> **Provided data**:
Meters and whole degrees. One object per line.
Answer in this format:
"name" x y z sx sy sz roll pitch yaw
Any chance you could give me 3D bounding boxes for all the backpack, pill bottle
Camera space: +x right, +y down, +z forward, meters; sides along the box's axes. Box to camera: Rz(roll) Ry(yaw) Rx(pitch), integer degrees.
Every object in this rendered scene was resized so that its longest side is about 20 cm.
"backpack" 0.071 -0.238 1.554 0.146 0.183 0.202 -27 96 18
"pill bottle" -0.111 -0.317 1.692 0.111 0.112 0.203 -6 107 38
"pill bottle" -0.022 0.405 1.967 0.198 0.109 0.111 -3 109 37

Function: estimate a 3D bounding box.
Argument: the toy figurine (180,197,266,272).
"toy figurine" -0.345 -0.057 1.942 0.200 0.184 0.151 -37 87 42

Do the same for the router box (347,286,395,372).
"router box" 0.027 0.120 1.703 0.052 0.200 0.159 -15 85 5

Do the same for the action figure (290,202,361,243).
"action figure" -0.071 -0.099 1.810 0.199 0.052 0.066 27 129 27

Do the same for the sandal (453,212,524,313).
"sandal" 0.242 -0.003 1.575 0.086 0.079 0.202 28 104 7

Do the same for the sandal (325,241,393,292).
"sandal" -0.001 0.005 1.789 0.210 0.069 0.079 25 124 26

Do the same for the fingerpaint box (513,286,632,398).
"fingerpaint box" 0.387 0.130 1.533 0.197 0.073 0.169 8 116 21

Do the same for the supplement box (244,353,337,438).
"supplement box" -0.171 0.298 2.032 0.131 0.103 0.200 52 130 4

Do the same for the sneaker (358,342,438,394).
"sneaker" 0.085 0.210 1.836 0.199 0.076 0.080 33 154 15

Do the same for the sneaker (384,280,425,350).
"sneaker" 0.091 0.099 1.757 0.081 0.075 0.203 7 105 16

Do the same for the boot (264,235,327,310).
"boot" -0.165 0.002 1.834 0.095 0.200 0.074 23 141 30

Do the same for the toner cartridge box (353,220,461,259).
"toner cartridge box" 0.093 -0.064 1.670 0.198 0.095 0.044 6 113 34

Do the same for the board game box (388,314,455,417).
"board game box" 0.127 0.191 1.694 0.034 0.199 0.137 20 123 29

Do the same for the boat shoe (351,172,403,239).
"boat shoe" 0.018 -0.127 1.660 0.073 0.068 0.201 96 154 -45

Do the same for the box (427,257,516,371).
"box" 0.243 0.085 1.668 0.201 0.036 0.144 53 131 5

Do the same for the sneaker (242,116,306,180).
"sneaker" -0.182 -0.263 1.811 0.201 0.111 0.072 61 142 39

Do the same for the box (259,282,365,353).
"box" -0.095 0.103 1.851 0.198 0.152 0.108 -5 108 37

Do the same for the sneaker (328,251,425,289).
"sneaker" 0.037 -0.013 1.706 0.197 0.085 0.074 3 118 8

> **Work item**: Without adding anything, say how many lines in the listing above include the string "pitch".

> **Task solution**: 2